» Assigned task: Your answer must consist of every line from the data below that includes the word "area".
━━ Supplied records
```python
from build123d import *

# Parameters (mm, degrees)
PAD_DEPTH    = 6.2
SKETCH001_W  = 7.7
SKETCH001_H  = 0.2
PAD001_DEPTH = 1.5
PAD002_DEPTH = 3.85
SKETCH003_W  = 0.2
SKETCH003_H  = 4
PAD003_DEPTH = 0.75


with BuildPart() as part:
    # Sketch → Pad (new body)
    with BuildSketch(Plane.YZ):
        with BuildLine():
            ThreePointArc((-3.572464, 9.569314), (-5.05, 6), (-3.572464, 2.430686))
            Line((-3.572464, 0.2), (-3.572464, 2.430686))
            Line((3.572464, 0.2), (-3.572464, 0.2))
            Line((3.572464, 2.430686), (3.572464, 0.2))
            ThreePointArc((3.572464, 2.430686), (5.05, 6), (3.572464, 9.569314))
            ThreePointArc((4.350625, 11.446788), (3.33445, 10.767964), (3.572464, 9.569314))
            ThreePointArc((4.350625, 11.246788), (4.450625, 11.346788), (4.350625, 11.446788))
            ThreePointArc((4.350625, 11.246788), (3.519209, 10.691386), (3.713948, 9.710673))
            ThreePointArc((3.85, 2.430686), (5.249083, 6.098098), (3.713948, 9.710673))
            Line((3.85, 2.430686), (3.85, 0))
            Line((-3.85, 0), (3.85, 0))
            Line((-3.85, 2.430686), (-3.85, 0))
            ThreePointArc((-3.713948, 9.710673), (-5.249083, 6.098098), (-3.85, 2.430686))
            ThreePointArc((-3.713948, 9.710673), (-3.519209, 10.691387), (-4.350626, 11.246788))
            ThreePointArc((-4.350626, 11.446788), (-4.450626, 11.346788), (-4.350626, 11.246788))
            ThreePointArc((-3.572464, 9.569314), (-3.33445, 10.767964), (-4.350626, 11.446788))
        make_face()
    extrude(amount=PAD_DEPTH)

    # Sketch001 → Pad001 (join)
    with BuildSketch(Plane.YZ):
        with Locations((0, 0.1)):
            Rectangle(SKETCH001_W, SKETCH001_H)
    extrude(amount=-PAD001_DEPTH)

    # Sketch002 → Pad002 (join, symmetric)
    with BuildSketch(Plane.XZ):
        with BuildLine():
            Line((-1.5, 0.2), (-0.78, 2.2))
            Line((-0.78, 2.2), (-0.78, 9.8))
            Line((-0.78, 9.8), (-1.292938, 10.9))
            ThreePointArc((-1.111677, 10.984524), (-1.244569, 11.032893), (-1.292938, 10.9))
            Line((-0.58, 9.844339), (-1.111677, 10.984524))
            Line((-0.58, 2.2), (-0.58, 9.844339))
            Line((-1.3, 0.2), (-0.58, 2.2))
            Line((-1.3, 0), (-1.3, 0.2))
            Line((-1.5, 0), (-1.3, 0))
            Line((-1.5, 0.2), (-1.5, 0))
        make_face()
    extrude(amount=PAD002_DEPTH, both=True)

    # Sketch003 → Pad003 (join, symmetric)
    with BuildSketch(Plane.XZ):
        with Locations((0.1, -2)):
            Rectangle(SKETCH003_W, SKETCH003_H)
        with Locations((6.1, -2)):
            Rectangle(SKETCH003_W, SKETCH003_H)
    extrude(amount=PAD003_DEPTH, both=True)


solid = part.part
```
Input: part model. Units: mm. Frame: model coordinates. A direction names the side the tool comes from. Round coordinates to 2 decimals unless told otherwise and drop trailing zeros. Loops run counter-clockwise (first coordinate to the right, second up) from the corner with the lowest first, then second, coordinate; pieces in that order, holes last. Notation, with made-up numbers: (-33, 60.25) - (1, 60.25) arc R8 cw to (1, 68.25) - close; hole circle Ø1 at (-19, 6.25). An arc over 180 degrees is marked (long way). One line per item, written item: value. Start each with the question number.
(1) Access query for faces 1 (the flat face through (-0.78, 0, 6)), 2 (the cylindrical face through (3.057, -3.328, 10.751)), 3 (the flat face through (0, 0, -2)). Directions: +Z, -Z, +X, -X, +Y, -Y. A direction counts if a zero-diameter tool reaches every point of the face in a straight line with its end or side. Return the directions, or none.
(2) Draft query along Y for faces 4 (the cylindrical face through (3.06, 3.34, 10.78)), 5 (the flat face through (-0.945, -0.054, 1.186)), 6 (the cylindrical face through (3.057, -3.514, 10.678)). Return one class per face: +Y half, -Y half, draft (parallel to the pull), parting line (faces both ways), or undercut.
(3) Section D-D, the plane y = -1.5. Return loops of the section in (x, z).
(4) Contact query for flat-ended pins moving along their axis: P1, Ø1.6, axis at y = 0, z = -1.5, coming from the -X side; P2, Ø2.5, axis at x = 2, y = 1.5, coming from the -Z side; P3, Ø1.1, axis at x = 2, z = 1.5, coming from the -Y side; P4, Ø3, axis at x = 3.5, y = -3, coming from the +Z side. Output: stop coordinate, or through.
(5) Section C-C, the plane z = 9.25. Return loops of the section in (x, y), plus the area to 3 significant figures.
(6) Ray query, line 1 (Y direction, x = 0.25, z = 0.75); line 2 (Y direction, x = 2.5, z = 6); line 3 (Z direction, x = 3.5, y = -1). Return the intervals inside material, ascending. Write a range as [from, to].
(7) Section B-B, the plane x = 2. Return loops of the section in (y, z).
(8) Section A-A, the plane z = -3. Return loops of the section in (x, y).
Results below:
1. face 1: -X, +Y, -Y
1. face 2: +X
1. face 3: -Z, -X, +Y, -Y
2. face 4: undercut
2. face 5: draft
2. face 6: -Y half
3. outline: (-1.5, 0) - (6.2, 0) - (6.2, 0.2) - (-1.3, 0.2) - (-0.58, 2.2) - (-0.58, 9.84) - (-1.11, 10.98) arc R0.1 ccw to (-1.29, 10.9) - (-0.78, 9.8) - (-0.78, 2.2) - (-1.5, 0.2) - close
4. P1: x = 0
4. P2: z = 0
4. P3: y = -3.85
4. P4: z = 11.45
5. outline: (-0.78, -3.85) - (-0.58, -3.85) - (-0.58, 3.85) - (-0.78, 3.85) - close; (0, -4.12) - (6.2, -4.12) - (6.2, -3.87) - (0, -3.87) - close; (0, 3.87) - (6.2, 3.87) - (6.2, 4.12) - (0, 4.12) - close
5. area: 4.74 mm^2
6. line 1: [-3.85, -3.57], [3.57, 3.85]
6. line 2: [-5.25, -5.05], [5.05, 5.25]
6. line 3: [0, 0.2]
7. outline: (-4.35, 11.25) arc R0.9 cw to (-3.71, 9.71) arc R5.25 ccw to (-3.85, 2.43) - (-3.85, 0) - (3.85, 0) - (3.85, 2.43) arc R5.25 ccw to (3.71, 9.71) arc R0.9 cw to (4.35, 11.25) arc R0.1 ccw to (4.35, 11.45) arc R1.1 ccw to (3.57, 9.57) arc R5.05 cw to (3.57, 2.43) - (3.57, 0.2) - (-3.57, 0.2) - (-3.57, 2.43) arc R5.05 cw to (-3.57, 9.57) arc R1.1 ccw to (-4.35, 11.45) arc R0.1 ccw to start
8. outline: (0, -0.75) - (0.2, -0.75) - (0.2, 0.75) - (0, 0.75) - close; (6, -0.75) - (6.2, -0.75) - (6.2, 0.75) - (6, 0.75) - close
━━━━
━━ Supplied records
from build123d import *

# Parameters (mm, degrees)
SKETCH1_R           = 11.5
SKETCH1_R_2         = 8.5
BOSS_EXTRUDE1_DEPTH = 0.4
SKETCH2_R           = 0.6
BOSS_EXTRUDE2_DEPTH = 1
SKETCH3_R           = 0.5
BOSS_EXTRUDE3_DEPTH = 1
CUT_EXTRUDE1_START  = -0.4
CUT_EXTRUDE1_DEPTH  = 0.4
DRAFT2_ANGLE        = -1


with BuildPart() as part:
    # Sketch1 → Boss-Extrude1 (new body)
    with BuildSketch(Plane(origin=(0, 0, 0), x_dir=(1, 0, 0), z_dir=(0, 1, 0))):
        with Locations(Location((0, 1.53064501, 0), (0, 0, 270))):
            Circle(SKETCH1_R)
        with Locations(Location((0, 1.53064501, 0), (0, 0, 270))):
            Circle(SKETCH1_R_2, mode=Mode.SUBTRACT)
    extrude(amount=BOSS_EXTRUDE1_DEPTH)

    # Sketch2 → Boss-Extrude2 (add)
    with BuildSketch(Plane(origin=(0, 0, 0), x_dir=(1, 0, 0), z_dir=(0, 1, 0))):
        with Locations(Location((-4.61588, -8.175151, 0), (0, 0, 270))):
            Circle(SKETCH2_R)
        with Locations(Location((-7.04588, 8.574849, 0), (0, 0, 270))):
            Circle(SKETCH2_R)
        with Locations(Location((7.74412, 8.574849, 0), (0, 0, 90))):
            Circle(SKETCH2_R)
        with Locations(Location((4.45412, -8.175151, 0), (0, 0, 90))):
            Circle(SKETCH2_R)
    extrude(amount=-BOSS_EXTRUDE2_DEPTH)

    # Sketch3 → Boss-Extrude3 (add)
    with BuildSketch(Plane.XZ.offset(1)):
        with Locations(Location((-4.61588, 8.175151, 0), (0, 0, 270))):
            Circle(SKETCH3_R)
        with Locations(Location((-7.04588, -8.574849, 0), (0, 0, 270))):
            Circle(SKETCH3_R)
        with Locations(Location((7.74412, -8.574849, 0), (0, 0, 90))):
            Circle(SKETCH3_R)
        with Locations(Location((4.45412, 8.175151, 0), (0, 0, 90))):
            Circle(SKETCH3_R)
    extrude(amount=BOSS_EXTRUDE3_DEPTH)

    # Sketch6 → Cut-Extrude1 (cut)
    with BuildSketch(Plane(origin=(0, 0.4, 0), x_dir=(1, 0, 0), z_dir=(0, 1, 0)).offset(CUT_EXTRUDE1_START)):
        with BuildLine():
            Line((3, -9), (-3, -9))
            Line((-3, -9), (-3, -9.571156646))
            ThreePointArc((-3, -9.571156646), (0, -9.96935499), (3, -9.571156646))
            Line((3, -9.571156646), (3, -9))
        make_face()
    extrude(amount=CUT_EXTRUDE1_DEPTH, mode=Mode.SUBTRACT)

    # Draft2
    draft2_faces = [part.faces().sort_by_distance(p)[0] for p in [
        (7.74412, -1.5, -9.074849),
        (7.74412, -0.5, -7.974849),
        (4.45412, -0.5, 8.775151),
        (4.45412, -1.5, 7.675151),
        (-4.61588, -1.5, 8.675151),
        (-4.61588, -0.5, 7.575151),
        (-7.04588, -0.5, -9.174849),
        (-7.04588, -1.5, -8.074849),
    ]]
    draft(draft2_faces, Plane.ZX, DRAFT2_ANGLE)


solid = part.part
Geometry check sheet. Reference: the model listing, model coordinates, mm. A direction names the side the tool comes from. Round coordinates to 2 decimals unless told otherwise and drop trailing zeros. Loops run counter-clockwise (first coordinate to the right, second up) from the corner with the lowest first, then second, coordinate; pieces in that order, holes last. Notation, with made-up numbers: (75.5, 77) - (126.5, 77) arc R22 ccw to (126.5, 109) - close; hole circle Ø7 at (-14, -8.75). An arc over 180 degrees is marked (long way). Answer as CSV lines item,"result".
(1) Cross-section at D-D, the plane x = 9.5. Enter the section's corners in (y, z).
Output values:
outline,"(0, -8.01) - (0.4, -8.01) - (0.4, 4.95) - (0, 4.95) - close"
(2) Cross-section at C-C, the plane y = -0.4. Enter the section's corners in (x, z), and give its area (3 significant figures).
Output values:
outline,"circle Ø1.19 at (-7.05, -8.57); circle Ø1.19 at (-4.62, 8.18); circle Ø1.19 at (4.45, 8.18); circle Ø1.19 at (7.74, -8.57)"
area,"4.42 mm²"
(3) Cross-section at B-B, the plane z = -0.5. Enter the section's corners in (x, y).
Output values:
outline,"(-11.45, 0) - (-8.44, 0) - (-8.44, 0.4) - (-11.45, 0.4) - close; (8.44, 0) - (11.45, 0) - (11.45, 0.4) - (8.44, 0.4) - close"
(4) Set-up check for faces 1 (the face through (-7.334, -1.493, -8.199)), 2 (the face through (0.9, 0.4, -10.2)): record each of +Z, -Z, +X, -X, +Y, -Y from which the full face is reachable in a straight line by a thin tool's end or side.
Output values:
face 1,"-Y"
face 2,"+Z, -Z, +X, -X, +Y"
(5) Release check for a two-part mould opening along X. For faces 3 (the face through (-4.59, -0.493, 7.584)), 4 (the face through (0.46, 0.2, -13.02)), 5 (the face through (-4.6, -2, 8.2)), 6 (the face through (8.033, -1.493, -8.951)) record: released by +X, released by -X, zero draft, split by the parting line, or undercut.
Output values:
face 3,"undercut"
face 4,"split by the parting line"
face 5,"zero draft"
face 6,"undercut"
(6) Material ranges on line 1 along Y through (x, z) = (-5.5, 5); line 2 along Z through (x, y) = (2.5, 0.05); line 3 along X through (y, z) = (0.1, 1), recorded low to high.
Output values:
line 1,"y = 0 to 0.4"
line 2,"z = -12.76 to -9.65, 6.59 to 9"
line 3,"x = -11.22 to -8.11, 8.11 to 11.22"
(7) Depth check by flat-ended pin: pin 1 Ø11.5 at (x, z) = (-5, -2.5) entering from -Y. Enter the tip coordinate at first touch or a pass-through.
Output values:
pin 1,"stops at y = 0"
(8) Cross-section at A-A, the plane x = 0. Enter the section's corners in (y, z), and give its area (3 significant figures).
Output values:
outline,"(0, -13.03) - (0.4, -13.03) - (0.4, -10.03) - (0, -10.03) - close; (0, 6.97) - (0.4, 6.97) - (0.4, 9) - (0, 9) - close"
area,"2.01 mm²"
━━━━
» Answer to this task:
(5) Section C-C, the plane z = 9.25. Return loops of the section in (x, y), plus the area to 3 significant figures.
5. area: 4.74 mm^2
(2) Cross-section at C-C, the plane y = -0.4. Enter the section's corners in (x, z), and give its area (3 significant figures).
area,"4.42 mm²"
(8) Cross-section at A-A, the plane x = 0. Enter the section's corners in (y, z), and give its area (3 significant figures).
area,"2.01 mm²"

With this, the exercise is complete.